What is cloud Dataproc?
On-demand managed Hadoop clusters | NOT No ops - you need to configure clusters yourself | DOESN'T autoscale

Is Cloud Dataproc a no ops solution?
No, you need to manually configure clusters

What is the main use-case for Dataproc?
Migrating existing Hadoop structures to the cloud

What is MapReduce?
Map - Take big data and distribute to many workers (nodes) | Reduce - Combine the results of those pieces | Distributed/parallel computing

How do you create a Dataproc cluster?
Manually or using gcloud commands

What is are preemptible VMs and what should you use them for?
Low cost worker nodes that can be lost with no warning if demand goes up - Use for processing only!

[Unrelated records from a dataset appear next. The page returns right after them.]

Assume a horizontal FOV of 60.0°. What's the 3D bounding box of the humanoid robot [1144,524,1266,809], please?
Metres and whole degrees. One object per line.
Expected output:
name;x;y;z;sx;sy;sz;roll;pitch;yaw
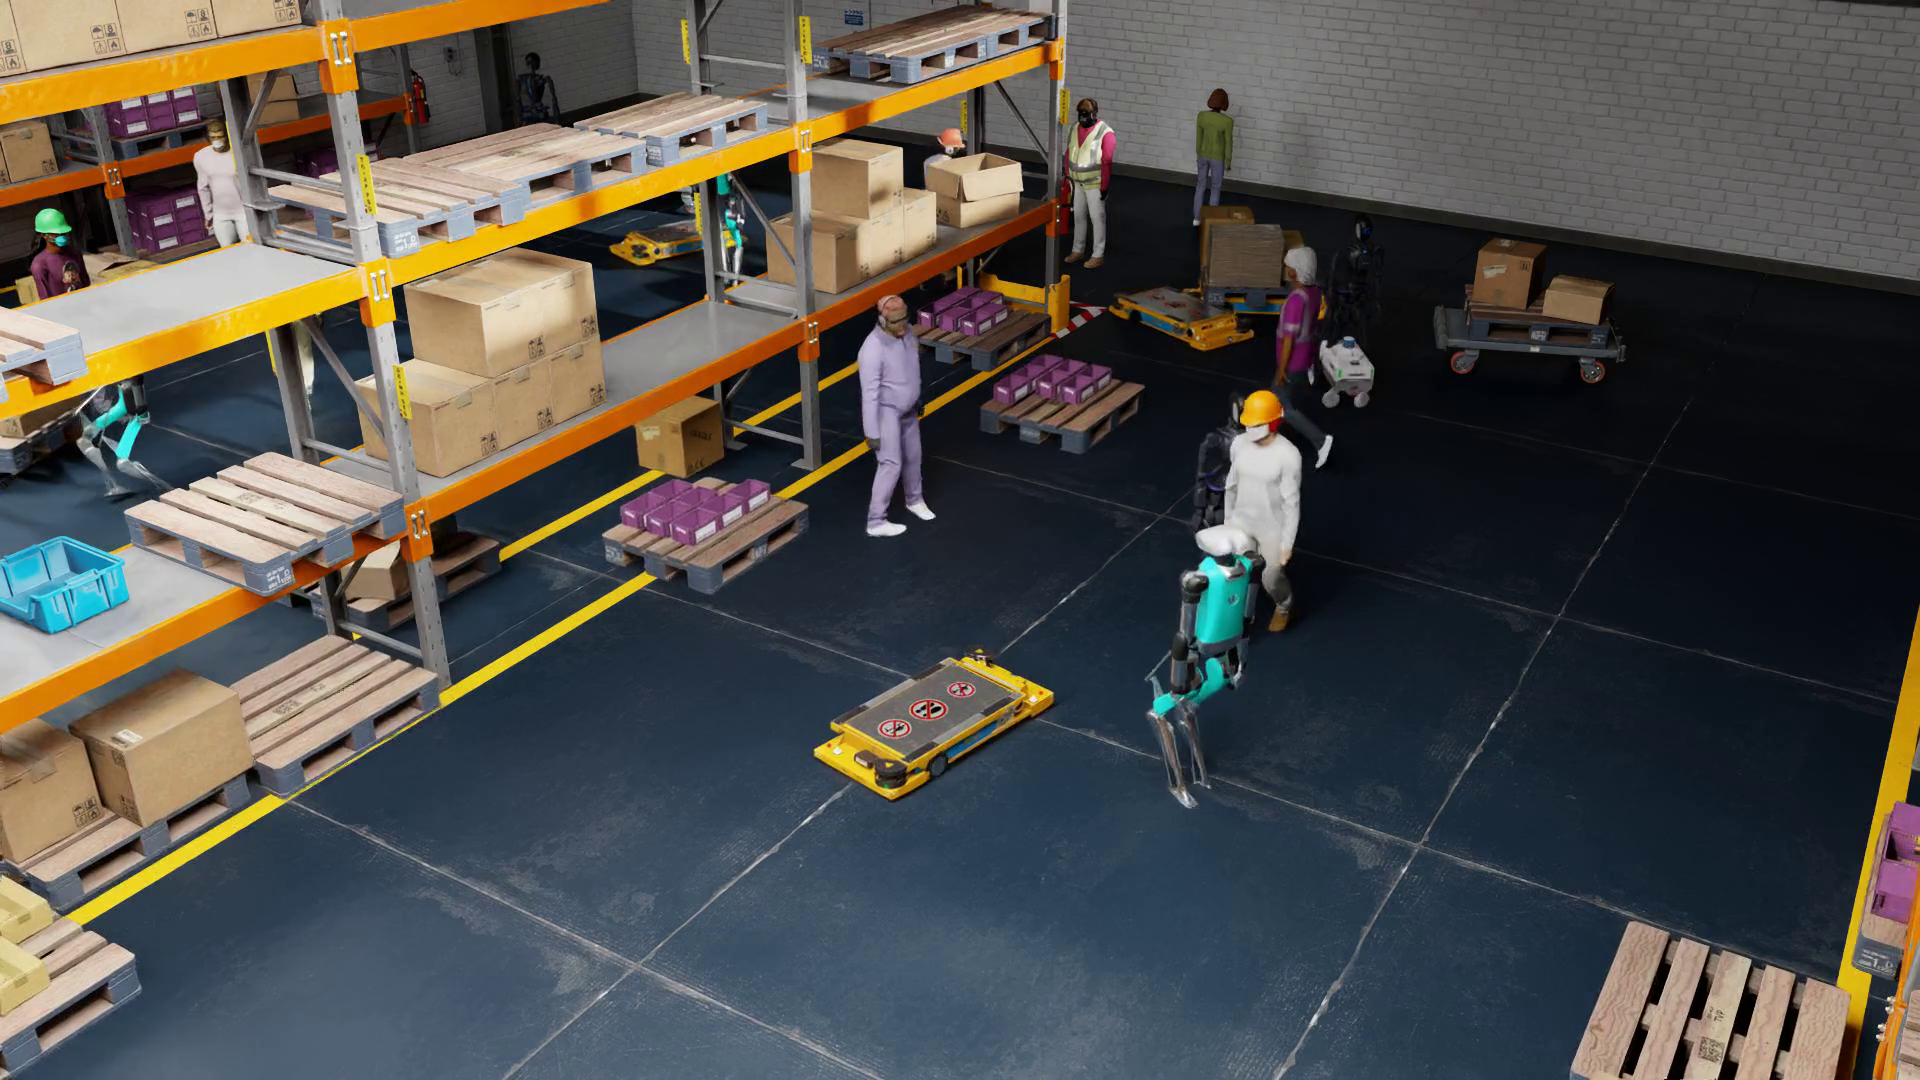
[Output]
humanoid robot;1.275;0.685;9.249;0.532;1.827;0.655;-16;31;-29

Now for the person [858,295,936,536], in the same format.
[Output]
person;-0.477;-0.932;12.271;0.414;1.878;0.717;12;29;22

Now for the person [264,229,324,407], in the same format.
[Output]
person;-5.869;-2.007;14.548;0.569;1.716;0.858;-14;30;-26

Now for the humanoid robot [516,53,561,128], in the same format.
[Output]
humanoid robot;-5.377;-5.379;21.239;0.609;1.640;0.355;6;27;11

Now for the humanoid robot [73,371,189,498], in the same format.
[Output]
humanoid robot;-6.489;-1.049;12.670;0.883;1.785;0.541;-16;31;-29

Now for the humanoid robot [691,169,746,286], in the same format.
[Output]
humanoid robot;-2.474;-3.437;17.343;0.546;1.753;0.821;1;27;2

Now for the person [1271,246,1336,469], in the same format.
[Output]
person;2.721;-1.452;13.348;0.727;1.815;0.539;13;30;25

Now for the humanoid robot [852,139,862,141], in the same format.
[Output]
humanoid robot;-1.065;-3.383;17.345;0.757;1.631;0.609;-21;34;-35

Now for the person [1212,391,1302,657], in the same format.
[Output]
person;1.951;-0.121;10.683;0.569;1.860;0.852;18;32;32

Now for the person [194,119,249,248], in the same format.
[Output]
person;-7.361;-3.310;16.893;0.633;1.932;0.369;0;27;-1

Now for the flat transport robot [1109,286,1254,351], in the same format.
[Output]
flat transport robot;2.194;-2.221;16.575;0.659;0.231;1.431;-18;32;-31

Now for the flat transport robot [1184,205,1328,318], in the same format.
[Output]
flat transport robot;3.039;-2.483;17.090;1.431;0.231;0.659;2;27;4

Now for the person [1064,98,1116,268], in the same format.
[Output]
person;1.384;-3.897;18.156;0.617;1.836;0.432;21;34;36

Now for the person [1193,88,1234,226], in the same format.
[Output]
person;2.967;-4.466;19.497;0.492;1.624;0.281;20;33;34

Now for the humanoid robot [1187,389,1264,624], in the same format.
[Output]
humanoid robot;1.813;-0.229;11.108;0.585;1.637;0.619;-9;28;-16

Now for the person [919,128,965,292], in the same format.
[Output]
person;-0.199;-3.428;17.353;0.707;1.721;0.563;-22;34;-36

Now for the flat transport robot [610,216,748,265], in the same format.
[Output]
flat transport robot;-3.193;-3.411;18.919;1.431;0.231;0.659;-20;33;-34

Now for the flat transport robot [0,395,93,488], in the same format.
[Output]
flat transport robot;-7.865;-0.689;13.556;0.659;0.231;1.431;4;27;8

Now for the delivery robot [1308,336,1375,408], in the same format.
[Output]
delivery robot;3.436;-1.536;14.909;0.529;0.594;0.766;-1;27;-2

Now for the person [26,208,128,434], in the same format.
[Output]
person;-7.461;-1.836;13.976;0.432;1.944;0.481;9;28;17

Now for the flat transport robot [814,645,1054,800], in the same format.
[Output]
flat transport robot;-0.138;1.083;10.063;0.659;0.231;1.431;23;35;38

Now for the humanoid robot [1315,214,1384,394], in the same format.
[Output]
humanoid robot;3.476;-2.104;14.791;0.603;1.644;0.462;-10;29;-19
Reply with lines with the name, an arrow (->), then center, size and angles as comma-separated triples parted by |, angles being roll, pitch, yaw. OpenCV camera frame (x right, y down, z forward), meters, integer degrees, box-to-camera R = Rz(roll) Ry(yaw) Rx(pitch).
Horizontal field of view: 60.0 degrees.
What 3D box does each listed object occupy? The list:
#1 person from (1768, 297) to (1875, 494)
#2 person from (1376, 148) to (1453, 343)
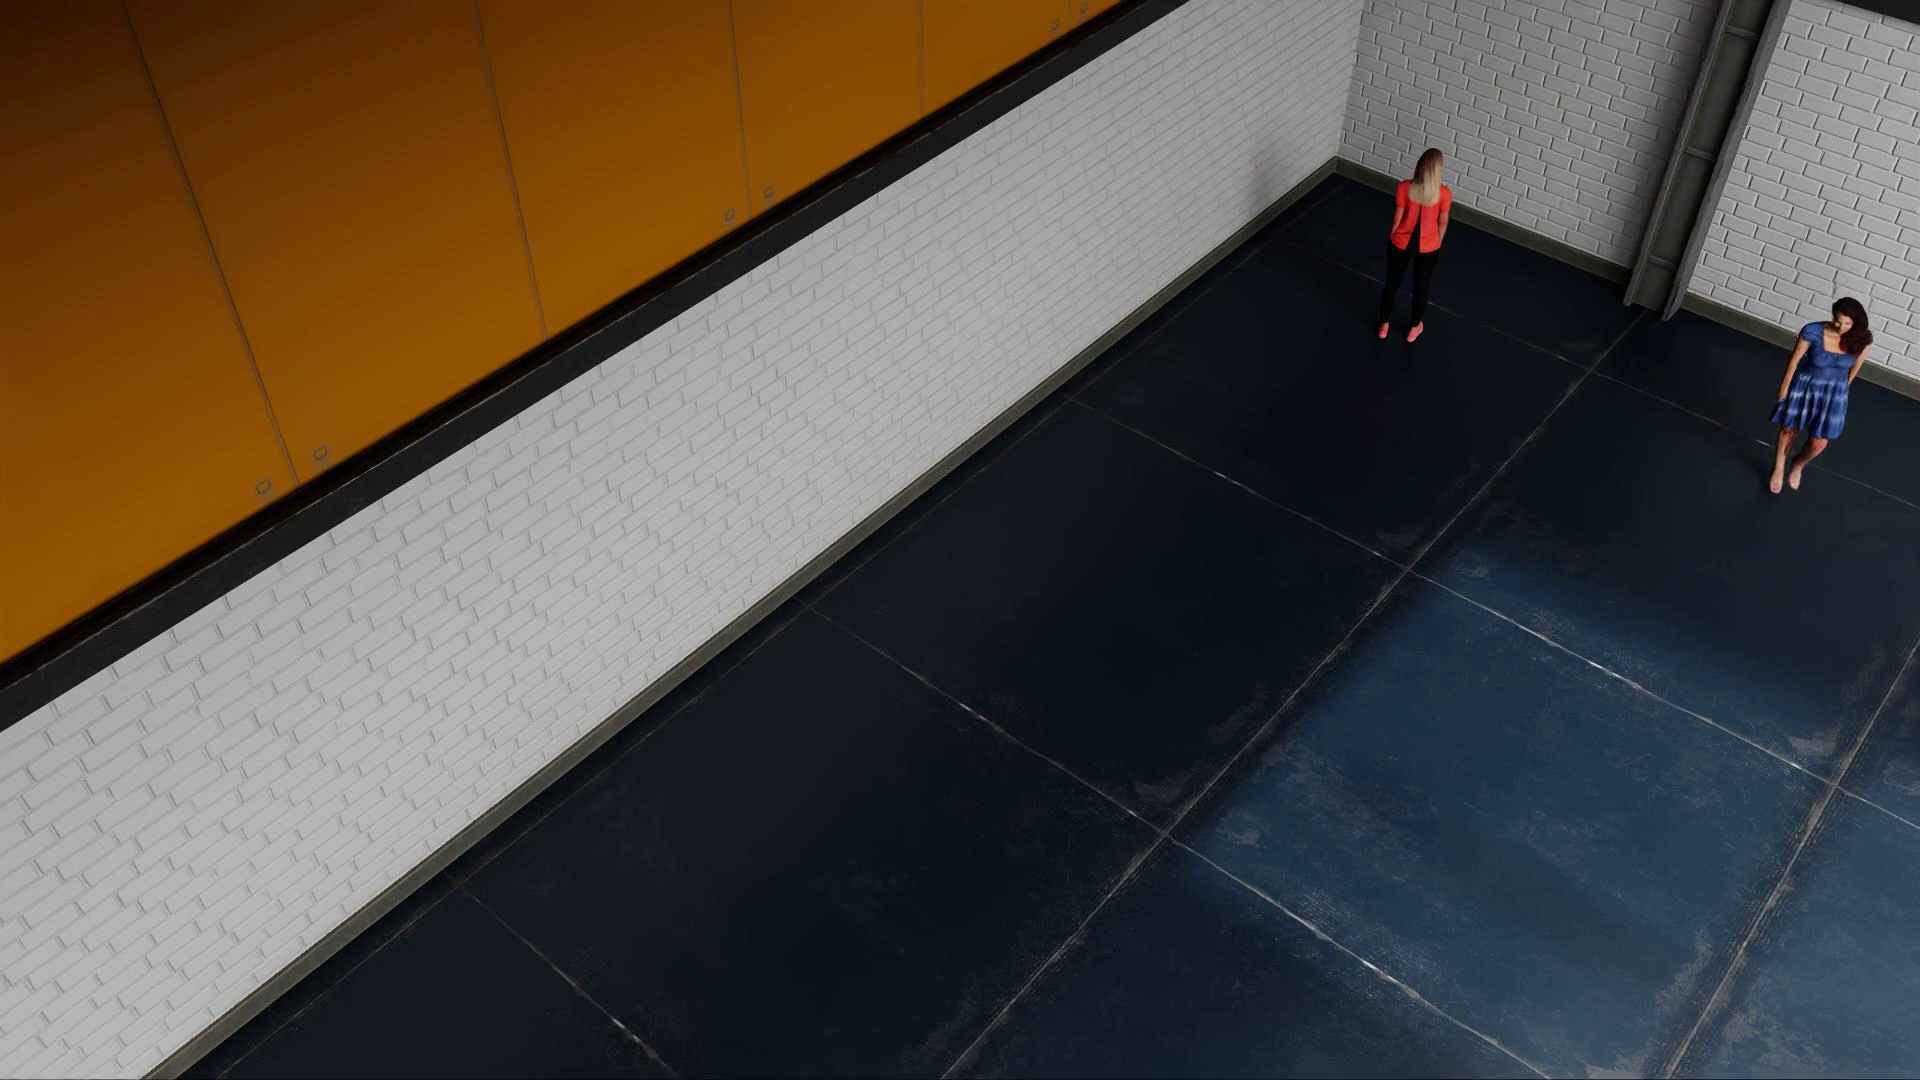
person -> 6.071, -1.065, 11.849 | 0.749, 1.773, 0.854 | 11, 45, 12
person -> 3.614, -2.339, 13.243 | 0.587, 1.694, 0.720 | 14, 45, 14

Is HDFS a good storage solution for Dataproc?
No, use Cloud Storage instead if needed - Cluster can be stateless - shut down at any time

What is the recommended ration for Preemptible VM to Permanent VMs?
50/50

Are you guaranteed Preemptible VMs?
No, they won't be available if the region is very busy

How do you access you Dataproc cluster?
SSH in via cloud console or gcloud

What are the two ways to access a Dataproc cluster from the web?
Firewall ports (8088, 9870) - SOCKS proxy

What is the benefit of using a SOCKS proxy?
It doesn't expose your firewall ports

What format is data in when it's migrated to Dataproc?
HDFS

How we do we change the way we think about clusters when moving to Dataproc?
Clusters become ephemeral (temporary) entities instead of permanent ones

What are Dataproc migration best practices?
1) Move data first (generally to Cloud Storage) 2) Small scale experimentation

What is a storage benefit of migrating to Dataproc?
You can separate storage (Cloud Storage) and compute (Dataproc). This means you don't need your Dataproc clusters running all the time - On-Premise --> GCP | HDFS --> ? | Hive --> ? | Hbase --> ? | Cloud Storage | BigQuery | Bigtable

What is the term for optimizing on-premise structures to the cloud?
"Lift and Leverage"

What is BigQuery?
Fully managed data warehouse - Serverless, no ops

What are the benefits of BigQuery?
Serverless - Autoscales - Good for storage and analysis - Accepts batch and streaming - Durable, multi-regional

What data types are stored in BigQuery vs Cloud Storage?
BigQuery --> Tables } Cloud Storage --> Files

How is data stored in BigQuery?
Columnar instead of Record Oriented - Each value is stored on a different storage volume

Does BigQuery update existing records?
NO - It's not transactional

What are the good and bad aspects of columnar data storage?
Fast read but slow write

What are BigQuery datasets and tables?
Dataset - collection of tables and views } Table - collection of columns

How do you pay for with BigQuery?
Storage, queries, and streaming data inserts

How can you interact with BigQuery? (4)
Web UI - Command line (CLI) - Programmatic (REST API) - Via queries

What is a BigQuery "View"?
Virtual table defined by a query

What are the benefits of caching BigQuery queries and how are cached queries stored?
If you make the same query repeatedly, you won't have to pay for it - Queries are cached at the user level

What are User Defined Functions (UDFs) and what are their benefits?
SQL code combined with JavaScript functions - Allows for more complex functions like loops and complex conditionals

What services can be used to ingest data to BigQuery?
Cloud Storage (Batch, Read) - Bigtable (Read) - Dataflow (Streaming) - Google Drive (Read)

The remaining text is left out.